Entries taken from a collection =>
· · ·
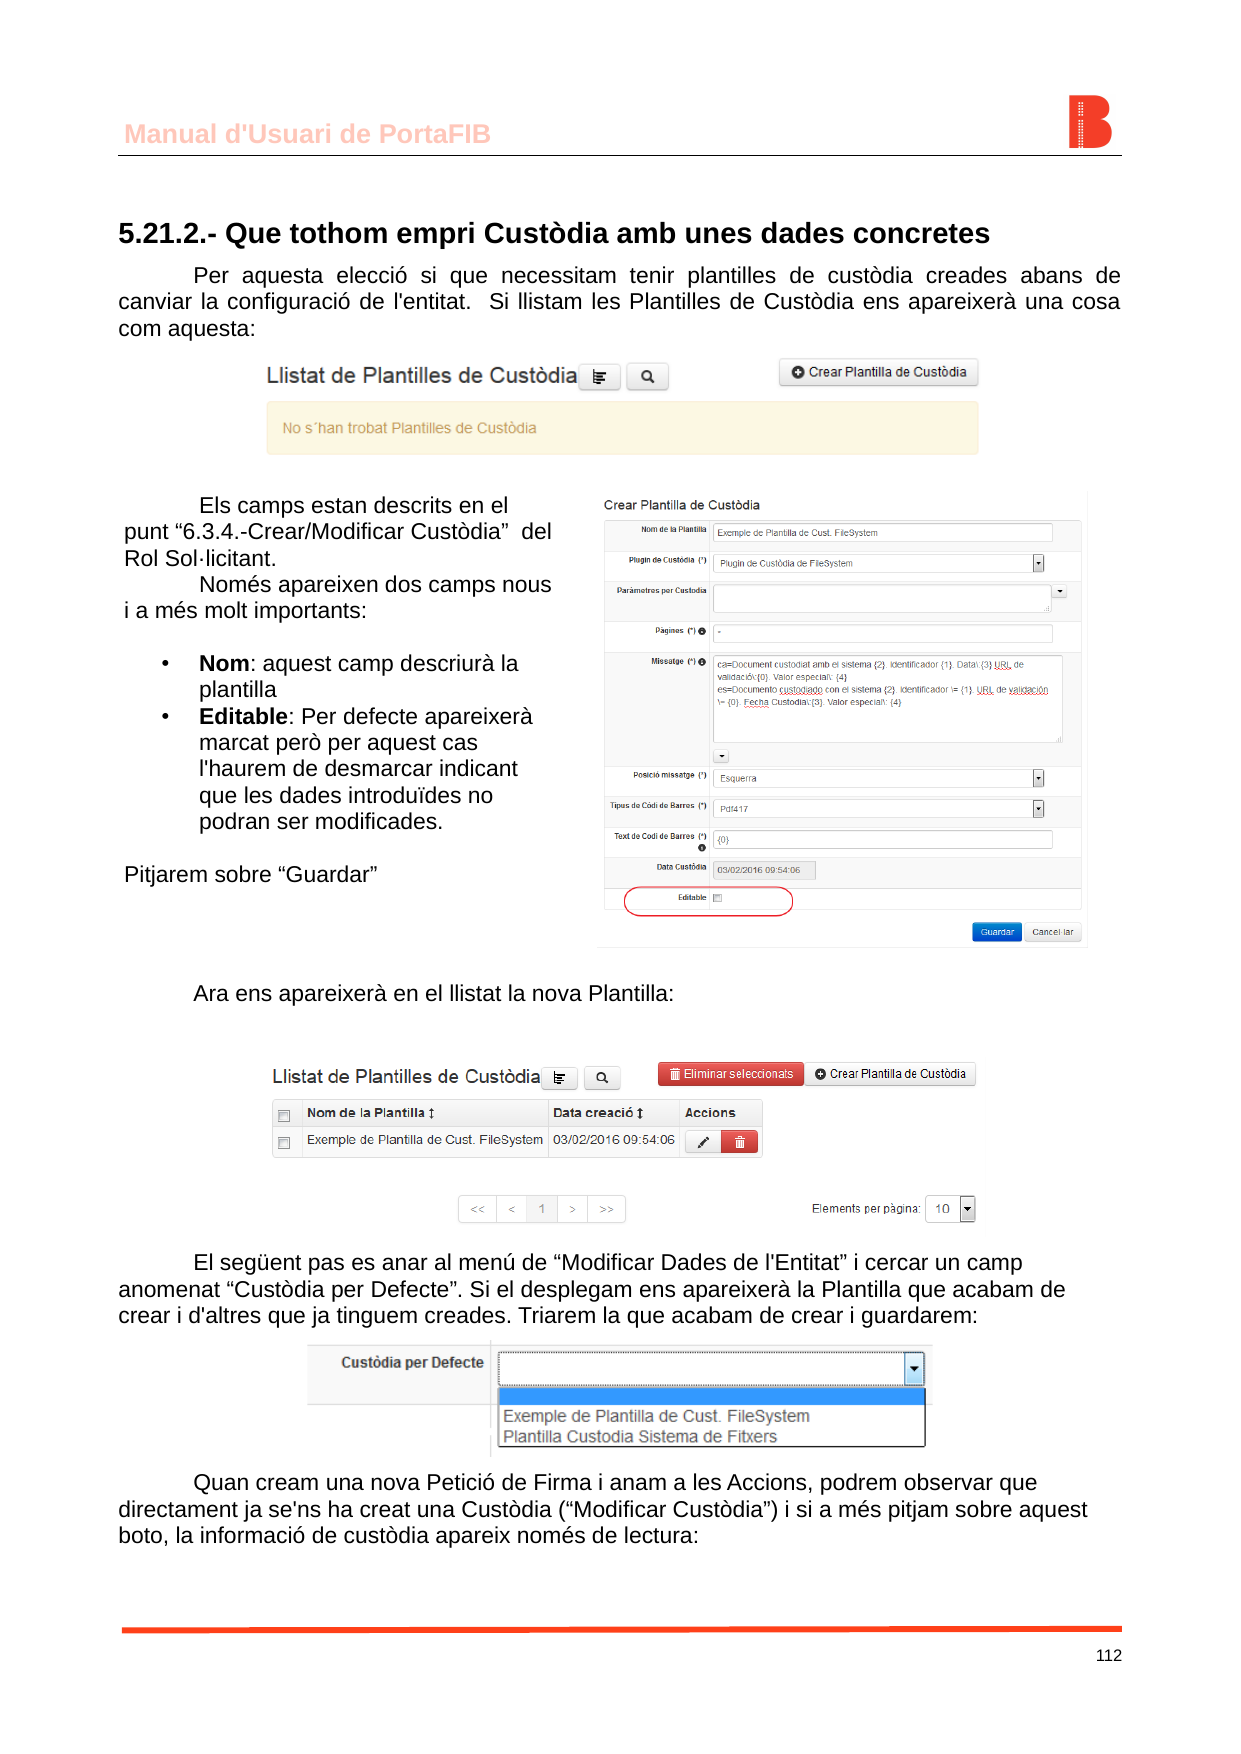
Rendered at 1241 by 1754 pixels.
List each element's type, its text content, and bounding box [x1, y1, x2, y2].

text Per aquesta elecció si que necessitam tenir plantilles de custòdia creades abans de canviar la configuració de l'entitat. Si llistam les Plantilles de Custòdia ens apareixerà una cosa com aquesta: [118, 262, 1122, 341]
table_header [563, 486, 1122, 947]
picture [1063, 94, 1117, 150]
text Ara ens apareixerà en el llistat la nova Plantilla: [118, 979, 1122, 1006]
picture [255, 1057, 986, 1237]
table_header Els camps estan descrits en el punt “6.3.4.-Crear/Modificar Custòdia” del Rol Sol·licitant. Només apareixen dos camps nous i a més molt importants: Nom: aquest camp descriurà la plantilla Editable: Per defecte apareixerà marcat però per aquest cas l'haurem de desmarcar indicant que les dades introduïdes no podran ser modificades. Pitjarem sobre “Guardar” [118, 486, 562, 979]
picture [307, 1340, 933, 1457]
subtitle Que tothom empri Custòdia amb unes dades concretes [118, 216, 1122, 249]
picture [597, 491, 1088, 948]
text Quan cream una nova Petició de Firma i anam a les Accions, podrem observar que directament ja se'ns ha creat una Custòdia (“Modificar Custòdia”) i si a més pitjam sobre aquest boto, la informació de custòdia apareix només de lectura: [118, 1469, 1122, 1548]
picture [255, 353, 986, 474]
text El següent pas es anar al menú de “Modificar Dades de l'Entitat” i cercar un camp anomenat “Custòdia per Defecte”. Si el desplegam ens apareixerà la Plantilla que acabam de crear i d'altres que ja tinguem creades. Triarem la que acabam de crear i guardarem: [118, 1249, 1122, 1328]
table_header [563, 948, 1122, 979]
· · ·
TO DO => Only one stretch of the records above is wanted: the lines between the one holding "text Per aquesta" and the one holding "table_header [563, 486, 1122, 947]", inclusive, reproduced exactly.

REPLY =>
text Per aquesta elecció si que necessitam tenir plantilles de custòdia creades abans de canviar la configuració de l'entitat. Si llistam les Plantilles de Custòdia ens apareixerà una cosa com aquesta: [118, 262, 1122, 341]
table_header [563, 486, 1122, 947]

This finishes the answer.